Figure ABCD has vertices A(−4, 1), B(2, 1), C(2, −5), and D(−4, −3). What is the area of Figure ABCD? 24 square units 30 square units 36 square units 45 square units is it C?
Well, surely you plotted the points,
and surely you must have seen that your figure is made up of
a rectangle 4 by 6 and a right-angled triangle with perpendicular sides
of 6 and 2
Find the area of each shape and add them
mathhelper thank you
To find the area of a quadrilateral, we can use the formula for the area of a trapezoid. However, since figure ABCD is a rectangle, we can use a simpler formula: Area = length × width.
Step 1: Find the length of the rectangle.
To find the length, we can use the distance formula between points A and D:
Length = √((-4 - (-4))^2 + (1 - (-3))^2)
Length = √(0^2 + 4^2)
Length = √16
Length = 4 units
Step 2: Find the width of the rectangle.
To find the width, we can use the distance formula between points A and B:
Width = √((2 - (-4))^2 + (1 - 1)^2)
Width = √(6^2 + 0^2)
Width = √36
Width = 6 units
Step 3: Calculate the area of the rectangle.
Area = Length × Width
Area = 4 units × 6 units
Area = 24 square units
Therefore, the area of figure ABCD is 24 square units. Your answer of choice C is correct.
To find the area of a figure, you can use the formula for the area of a rectangle:
Area = Length × Width
For a rectangle, the length and width can be determined using the coordinates of the vertices. In this case, the coordinates of two adjacent vertices of the rectangle are enough to determine the length and width.

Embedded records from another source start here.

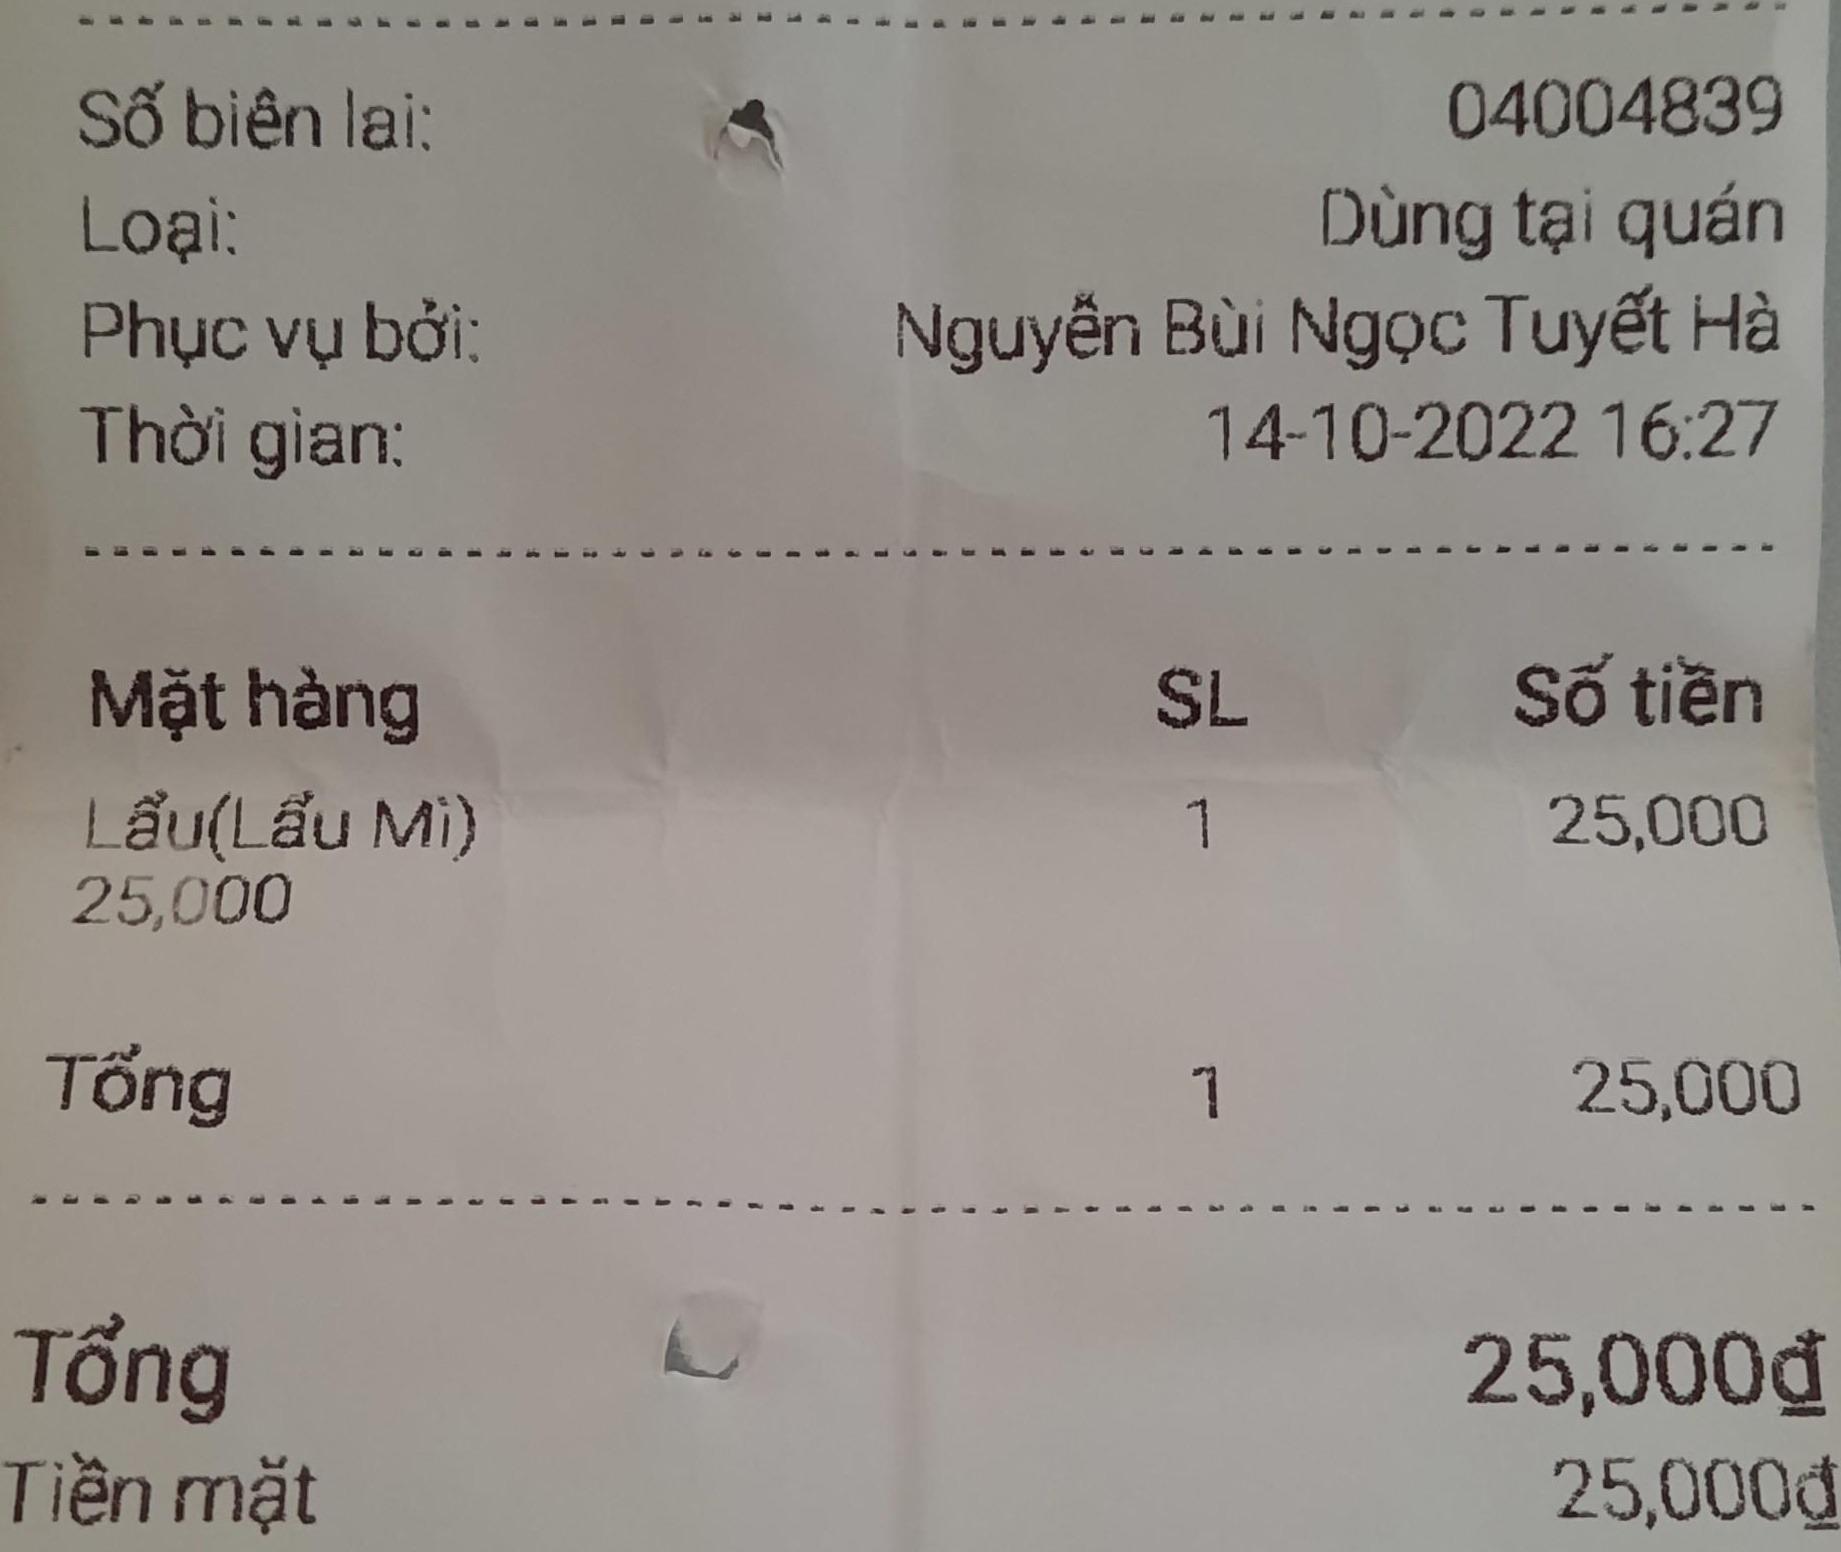
Số biên lai: 04004839
Loại: Dùng tại quán
Phục vụ bởi: Nguyễn Bùi Ngọc Tuyết Hà
Thời gian: 14-10-2022 16:27

<table>
<tr>
<th>Mặt hàng</th>
<th>SL</th>
<th>Số tiền</th>
</tr>
<tr>
<td>Lẩu(Lẩu Mì) 25,000</td>
<td>1</td>
<td>25,000</td>
</tr>
<tr>
<td>Tổng</td>
<td>1</td>
<td>25,000</td>
</tr>
</table>

Tổng 25,000đ
Tiền mặt 25,000đ
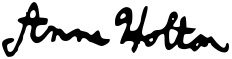
Signature of: anne holton
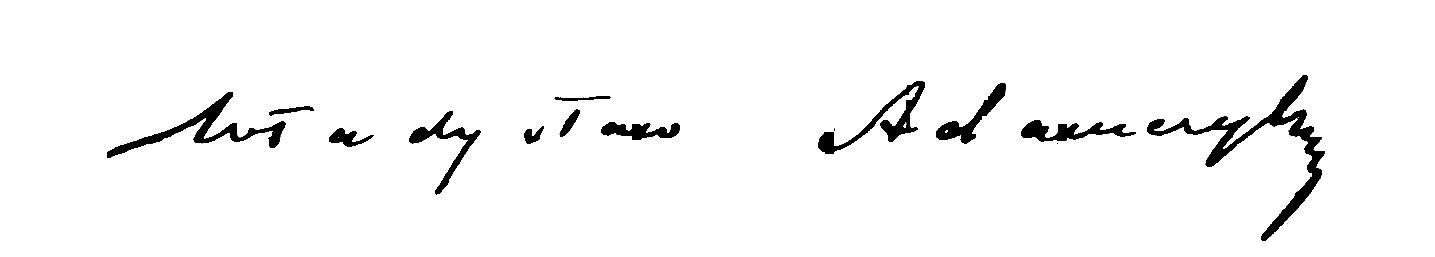
Signature of: władysław adamczyk

Let's calculate the length of the rectangle using the coordinates of vertices A and B:
Length = Distance between A and B
Using the distance formula:
Length = √[(x2 - x1)^2 + (y2 - y1)^2]
Substituting the coordinates of A(-4, 1) and B(2, 1):
Length = √[(2 - (-4))^2 + (1 - 1)^2]
Length = √[6^2 + 0^2]
Length = √[36 + 0]
Length = √36
Length = 6
Now let's calculate the width of the rectangle using the coordinates of vertices B and C:
Width = Distance between B and C
Using the distance formula:
Width = √[(x2 - x1)^2 + (y2 - y1)^2]
Substituting the coordinates of B(2, 1) and C(2, -5):
Width = √[(2 - 2)^2 + (-5 - 1)^2]
Width = √[0^2 + (-6)^2]
Width = √[0 + 36]
Width = √36
Width = 6
Now that we have the length and width, we can calculate the area:
Area = Length × Width
Area = 6 × 6
Area = 36 square units
So, the correct answer is 36 square units, which matches option C.